WORK REQUEST. Images in the data are to be skipped, while every line is restated exactly as written.

(EXERCISE INPUTS)

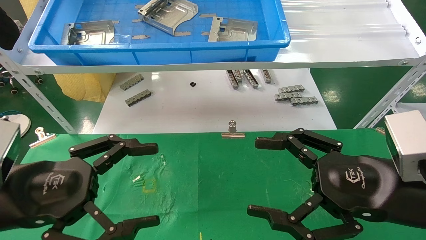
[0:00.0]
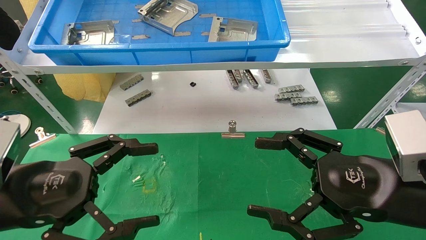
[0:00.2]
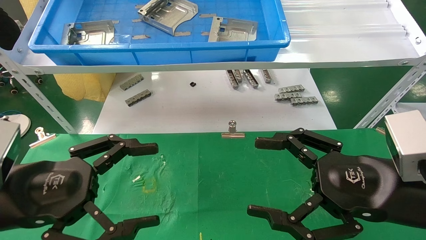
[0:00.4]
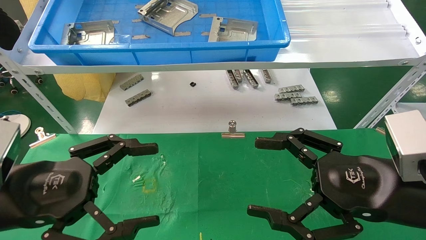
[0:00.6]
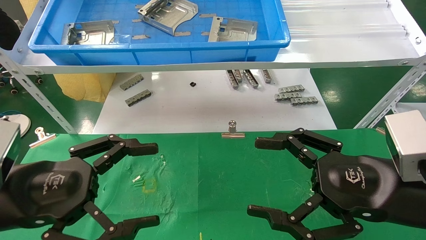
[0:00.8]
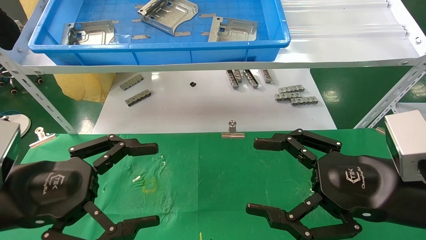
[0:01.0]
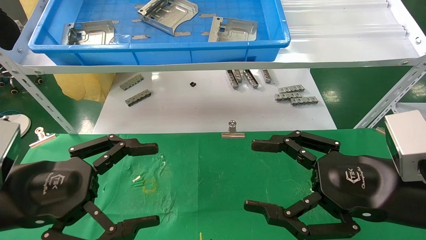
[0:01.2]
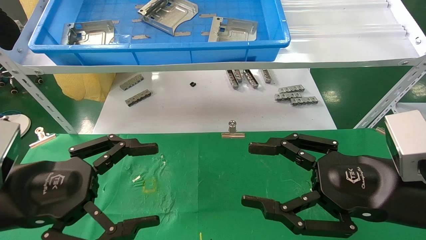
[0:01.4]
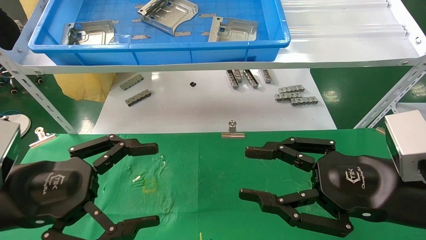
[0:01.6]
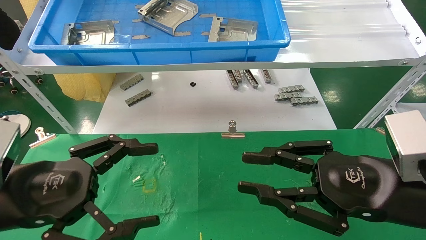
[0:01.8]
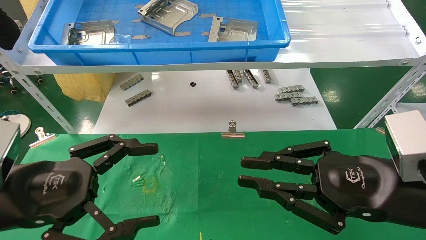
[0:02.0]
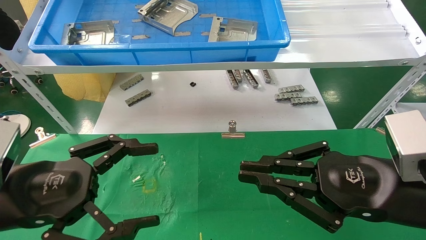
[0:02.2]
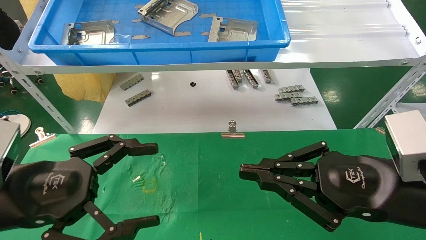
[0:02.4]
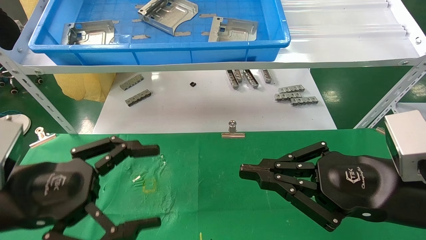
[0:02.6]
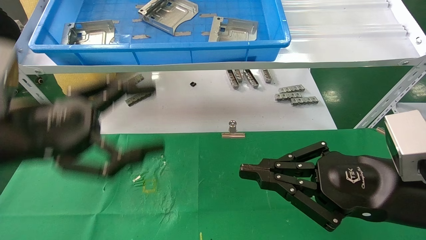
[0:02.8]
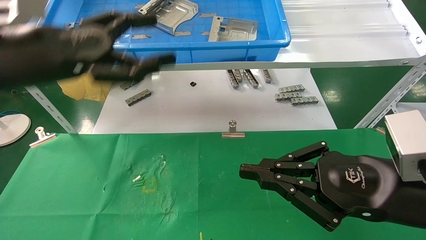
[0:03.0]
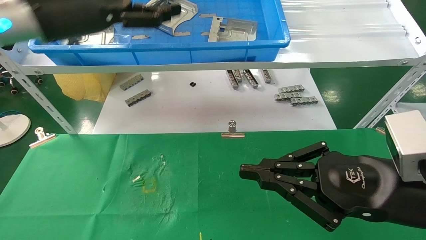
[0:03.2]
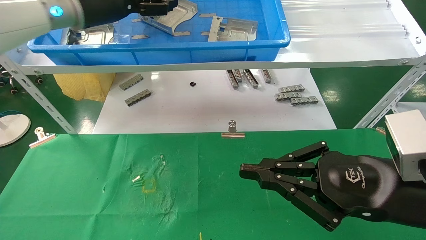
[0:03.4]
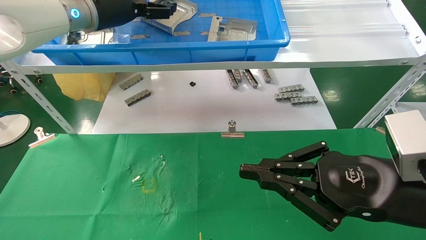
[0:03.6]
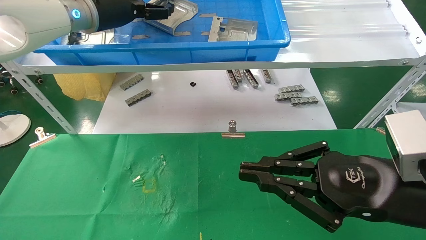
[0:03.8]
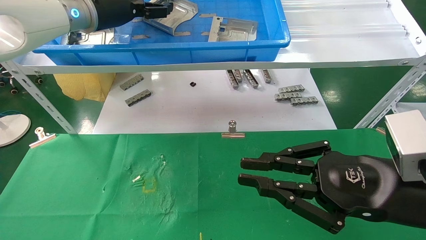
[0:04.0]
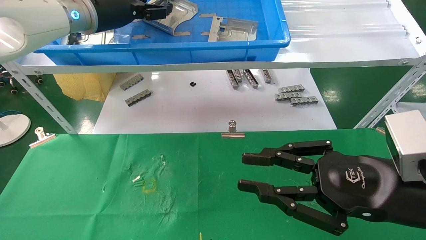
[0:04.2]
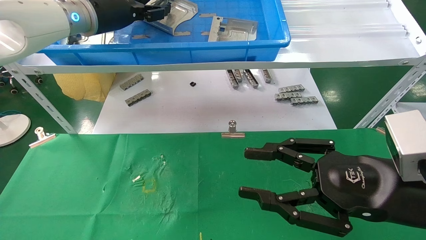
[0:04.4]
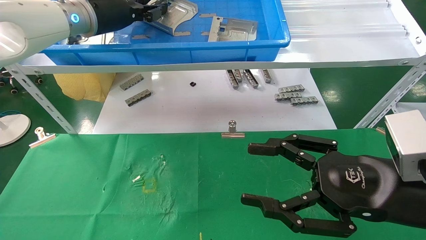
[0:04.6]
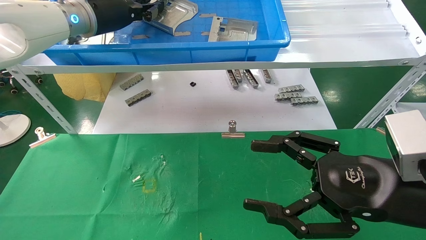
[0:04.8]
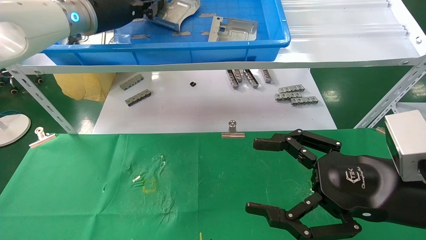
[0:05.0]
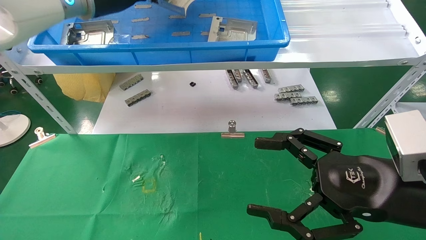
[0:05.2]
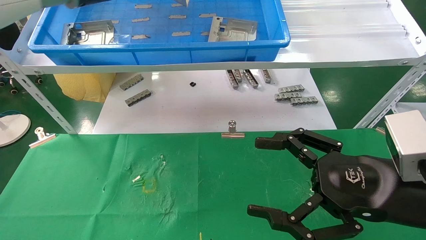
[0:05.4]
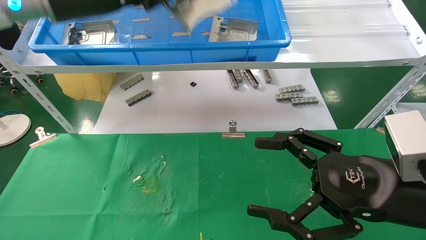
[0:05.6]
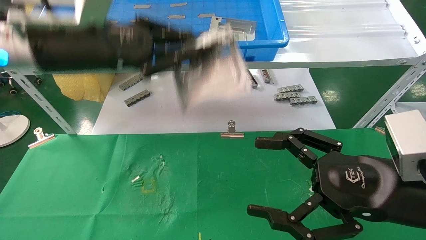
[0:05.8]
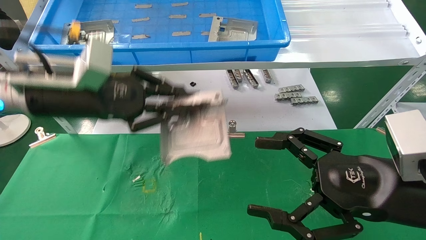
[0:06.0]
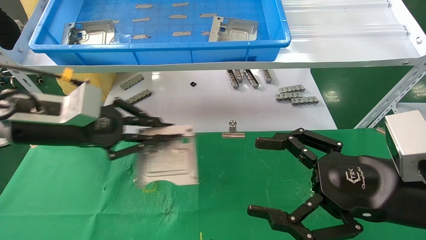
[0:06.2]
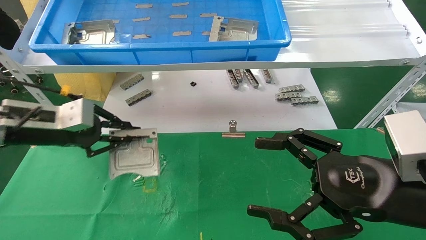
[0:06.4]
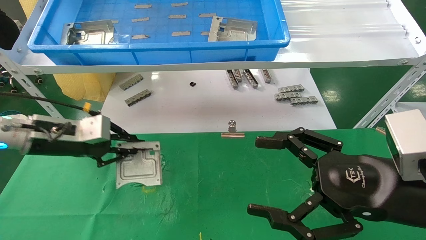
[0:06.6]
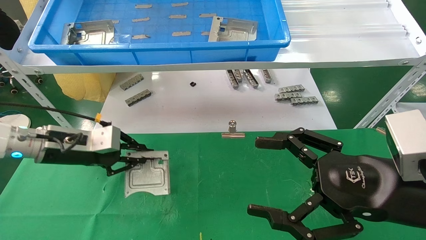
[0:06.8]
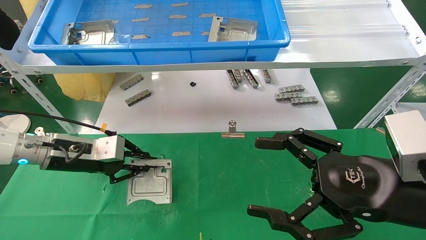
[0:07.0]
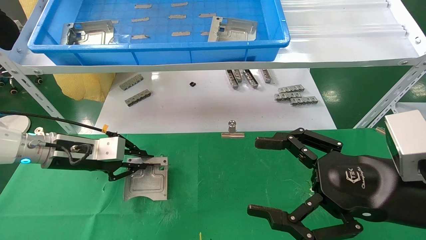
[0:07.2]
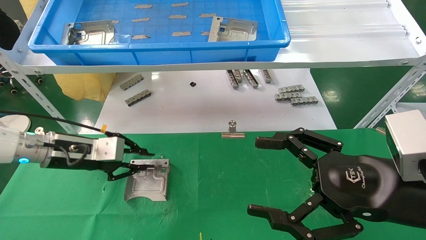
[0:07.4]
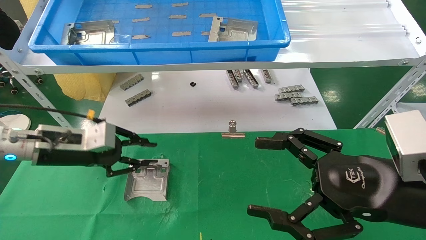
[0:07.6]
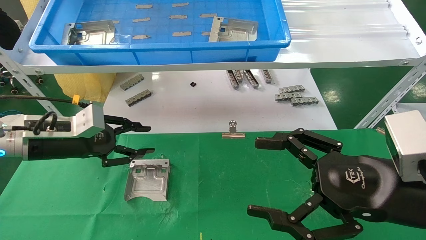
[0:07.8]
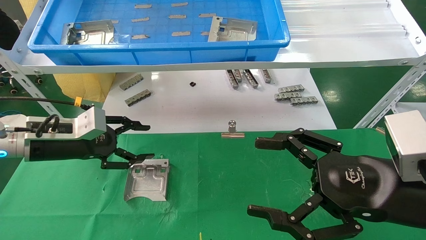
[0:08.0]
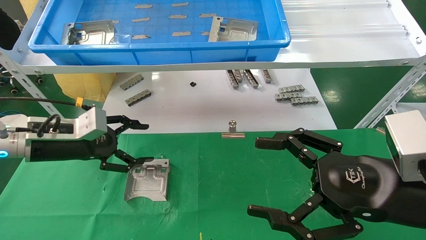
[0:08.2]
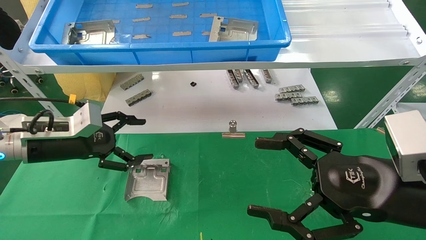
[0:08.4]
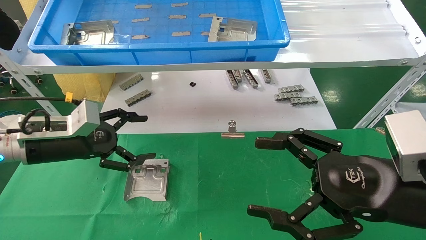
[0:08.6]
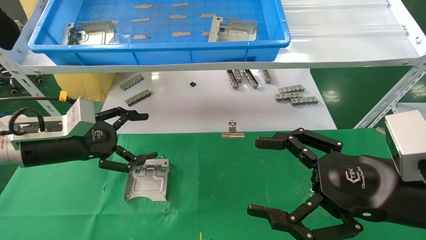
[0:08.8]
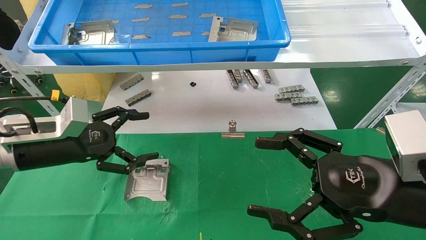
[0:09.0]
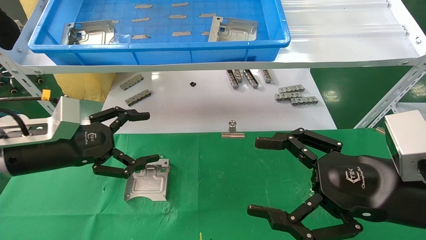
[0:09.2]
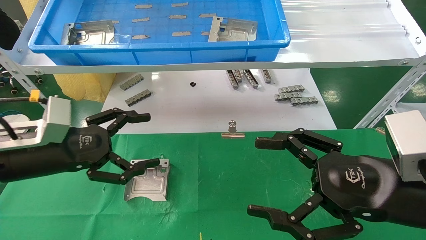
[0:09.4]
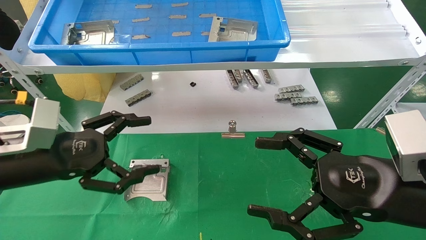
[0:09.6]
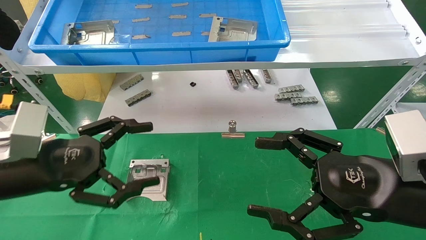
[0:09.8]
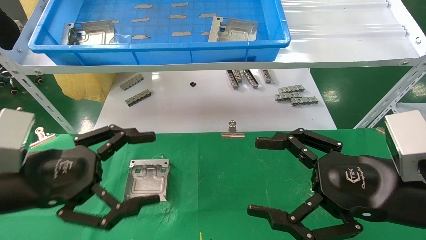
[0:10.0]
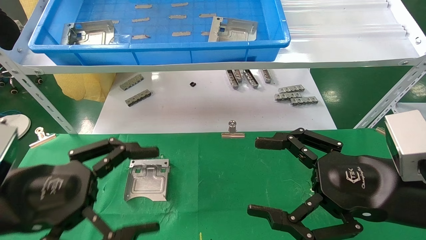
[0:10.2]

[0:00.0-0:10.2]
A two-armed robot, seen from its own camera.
Task of the whole recording: use the mechanical arm to pick up the parts and place them on the table.
Step, 0:03.0 to 0:04.8: Pick up the hard drive bracket from the feeding area.
Step, 0:05.0 to 0:07.2: Place the hard drive bracket into the box.
0:00.0 to 0:01.4: Neither gripper changes place.
0:01.4 to 0:03.0: The left gripper moves upward and forward, some 20 cm, while the right gripper closes its fingers.
0:03.0 to 0:04.4: The left gripper travels forward and upward by approximately 15 cm, and closes.
0:04.4 to 0:05.8: The right gripper opens. Meanwhile the left gripper shifts roughly 15 cm backward and downward, and closes its fingers.
0:05.8 to 0:07.2: The left gripper goes roughly 20 cm downward and to the left.
0:07.2 to 0:08.8: The left gripper changes place by about 5 cm, and opens up.
0:08.8 to 0:10.2: The left gripper moves backward, some 15 cm.

(End EXERCISE INPUTS)

SOLUTION FOR THIS PROBLEM.
[0:00.0]
[0:00.2]
[0:00.4]
[0:00.6]
[0:00.8]
[0:01.0]
[0:01.2]
[0:01.4]
[0:01.6]
[0:01.8]
[0:02.0]
[0:02.2]
[0:02.4]
[0:02.6]
[0:02.8]
[0:03.0]
[0:03.2]
[0:03.4]
[0:03.6]
[0:03.8]
[0:04.0]
[0:04.2]
[0:04.4]
[0:04.6]
[0:04.8]
[0:05.0]
[0:05.2]
[0:05.4]
[0:05.6]
[0:05.8]
[0:06.0]
[0:06.2]
[0:06.4]
[0:06.6]
[0:06.8]
[0:07.0]
[0:07.2]
[0:07.4]
[0:07.6]
[0:07.8]
[0:08.0]
[0:08.2]
[0:08.4]
[0:08.6]
[0:08.8]
[0:09.0]
[0:09.2]
[0:09.4]
[0:09.6]
[0:09.8]
[0:10.0]
[0:10.2]

[0:00.0-0:10.2]
A two-armed robot, seen from its own camera.
Task of the whole recording: use the mechanical arm to pick up the parts and place them on the table.
Step, 0:03.0 to 0:04.8: Pick up the hard drive bracket from the feeding area.
Step, 0:05.0 to 0:07.2: Place the hard drive bracket into the box.
0:00.0 to 0:01.4: Neither gripper changes place.
0:01.4 to 0:03.0: The left gripper moves upward and forward, some 20 cm, while the right gripper closes its fingers.
0:03.0 to 0:04.4: The left gripper travels forward and upward by approximately 15 cm, and closes.
0:04.4 to 0:05.8: The right gripper opens. Meanwhile the left gripper shifts roughly 15 cm backward and downward, and closes its fingers.
0:05.8 to 0:07.2: The left gripper goes roughly 20 cm downward and to the left.
0:07.2 to 0:08.8: The left gripper changes place by about 5 cm, and opens up.
0:08.8 to 0:10.2: The left gripper moves backward, some 15 cm.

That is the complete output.